Toutes ces typologies ont donc des bases différentes, ce qui illustre bien la difficulté d’élaborer une typologie qui regrouperait différentes perspectives relevant de divers champs disciplinaires. Elles montrent de plus une lacune importante, à savoir le peu de typologies relatives au fonctionnement des ONG elles-mêmes, aucune à notre connaissance ne s’intéressant directement à la façon dont elles gèrent et coordonnent leurs ressources, aussi bien à l’interne qu’avec les autres ONG. À cet effet, Stoddard (2003) émettait la critique suivante, critique qui pourrait être généralisée à l’ensemble des typologies que nous avons passées en revue :

This method [celle de O’Malley et Dijkzeul) does not, however, address another basic split, namely how willing organisations are to link with each other to advance shared values, under rule-based codes and self-policing mechanisms. (p. 27)

Le manque dans les recherches qui nous ont précédée nous ont donc conduite à notre objectif de construire deux typologies, soit une concernant les processus utilisés par les ONG pour la coordination intra organisationnelle de leurs ressources, et une autre relative aux processus utilisés par les ONG pour coordonner leurs ressources entre elles.

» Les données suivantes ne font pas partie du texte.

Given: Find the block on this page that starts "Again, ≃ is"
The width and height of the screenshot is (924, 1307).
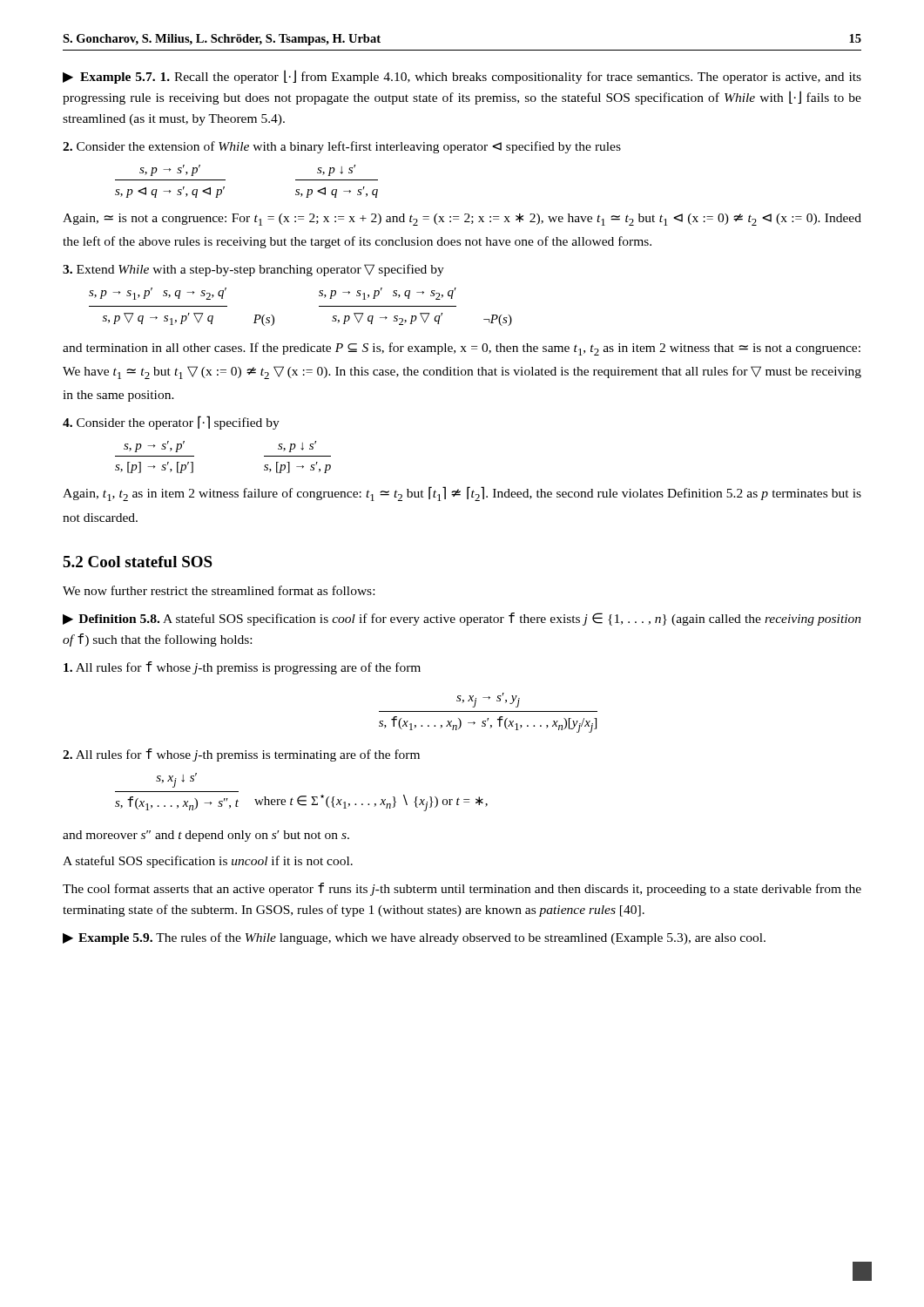Looking at the screenshot, I should tap(462, 229).
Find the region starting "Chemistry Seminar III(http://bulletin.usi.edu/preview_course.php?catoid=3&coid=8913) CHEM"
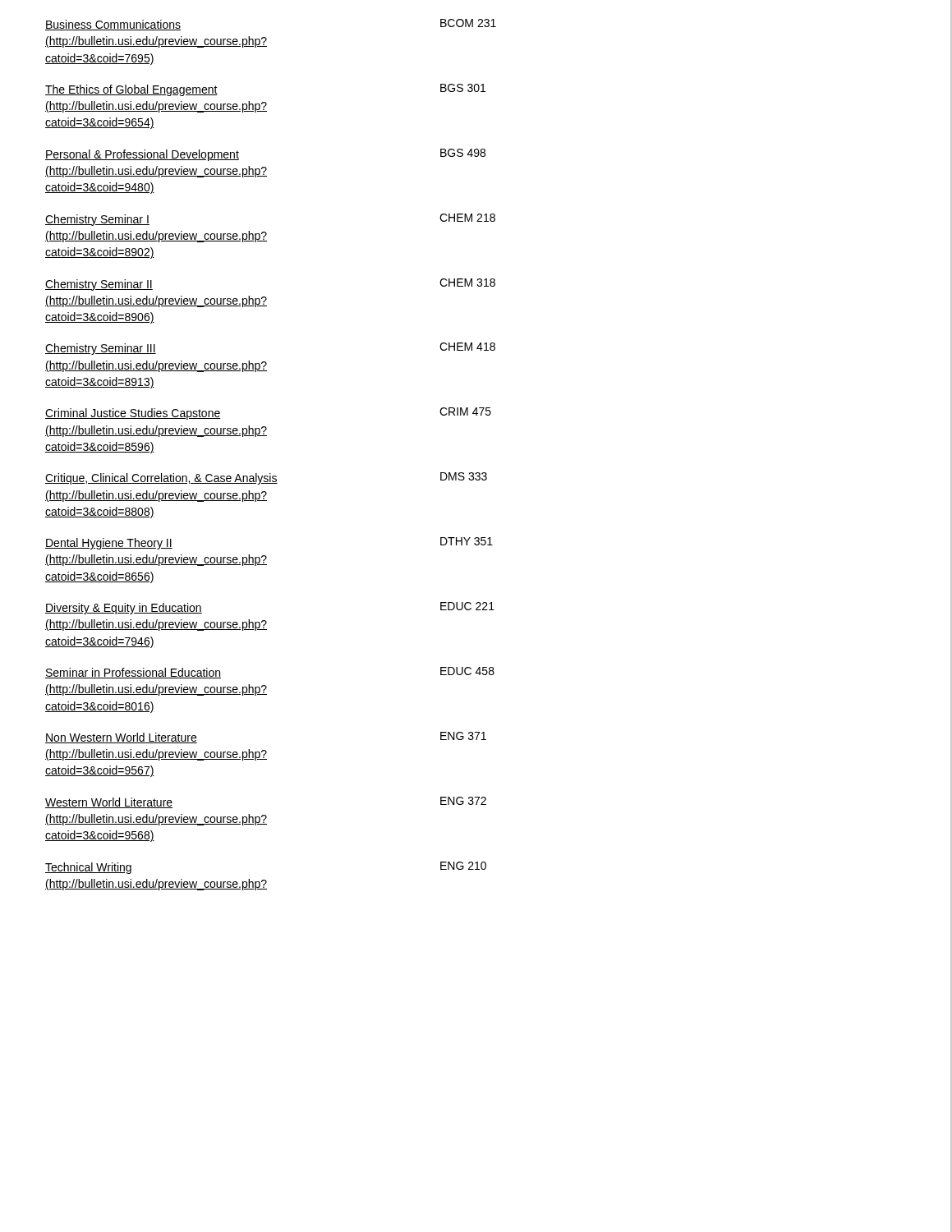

L’élaboration de ces deux typologies nous permettra de mieux comprendre le fonctionnement des ONG d’urgence, en dépit ou grâce à leur diversité et contribuera de façon intéressante au corpus scientifique relatif aux connaissances des « boîtes noires » que constituent ces organisations si particulières. En plus de cette valeur explicative, il est possible que nos typologies puissent avoir une valeur prédictive, permettant d’anticiper si tel type d’ONG serait plus enclin à coordonner ses ressources qu’un autre.